Task prompt: Reproduce exactly the lines of the listing from the one containing "#2 small box [873, 496, 1081, 694]" to its final line, both included.

Given information:
########

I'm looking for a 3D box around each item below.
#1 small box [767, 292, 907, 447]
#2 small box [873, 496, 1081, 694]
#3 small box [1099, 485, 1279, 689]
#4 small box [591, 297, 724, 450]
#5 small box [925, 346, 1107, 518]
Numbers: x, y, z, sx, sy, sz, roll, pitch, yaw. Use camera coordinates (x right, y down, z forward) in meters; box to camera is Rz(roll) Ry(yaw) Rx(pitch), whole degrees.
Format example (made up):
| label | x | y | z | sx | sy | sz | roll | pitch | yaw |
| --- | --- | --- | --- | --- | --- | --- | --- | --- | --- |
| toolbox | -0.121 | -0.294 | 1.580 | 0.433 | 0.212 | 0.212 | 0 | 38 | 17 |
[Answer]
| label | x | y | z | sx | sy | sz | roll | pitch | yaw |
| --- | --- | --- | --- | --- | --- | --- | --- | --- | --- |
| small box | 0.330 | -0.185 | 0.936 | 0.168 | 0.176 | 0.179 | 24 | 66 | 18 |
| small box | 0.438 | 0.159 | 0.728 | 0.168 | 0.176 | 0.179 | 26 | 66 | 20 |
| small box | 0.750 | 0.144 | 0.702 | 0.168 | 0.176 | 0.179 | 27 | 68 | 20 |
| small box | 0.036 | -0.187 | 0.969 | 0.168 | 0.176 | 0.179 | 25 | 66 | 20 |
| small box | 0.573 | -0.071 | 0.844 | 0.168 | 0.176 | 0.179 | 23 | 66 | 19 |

########

Written reply:
#2 small box [873, 496, 1081, 694]
#3 small box [1099, 485, 1279, 689]
#4 small box [591, 297, 724, 450]
#5 small box [925, 346, 1107, 518]
Numbers: x, y, z, sx, sy, sz, roll, pitch, yaw. Use camera coordinates (x right, y down, z forward) in meters; box to camera is Rz(roll) Ry(yaw) Rx(pitch), whole degrees.
Format example (made up):
| label | x | y | z | sx | sy | sz | roll | pitch | yaw |
| --- | --- | --- | --- | --- | --- | --- | --- | --- | --- |
| toolbox | -0.121 | -0.294 | 1.580 | 0.433 | 0.212 | 0.212 | 0 | 38 | 17 |
[Answer]
| label | x | y | z | sx | sy | sz | roll | pitch | yaw |
| --- | --- | --- | --- | --- | --- | --- | --- | --- | --- |
| small box | 0.330 | -0.185 | 0.936 | 0.168 | 0.176 | 0.179 | 24 | 66 | 18 |
| small box | 0.438 | 0.159 | 0.728 | 0.168 | 0.176 | 0.179 | 26 | 66 | 20 |
| small box | 0.750 | 0.144 | 0.702 | 0.168 | 0.176 | 0.179 | 27 | 68 | 20 |
| small box | 0.036 | -0.187 | 0.969 | 0.168 | 0.176 | 0.179 | 25 | 66 | 20 |
| small box | 0.573 | -0.071 | 0.844 | 0.168 | 0.176 | 0.179 | 23 | 66 | 19 |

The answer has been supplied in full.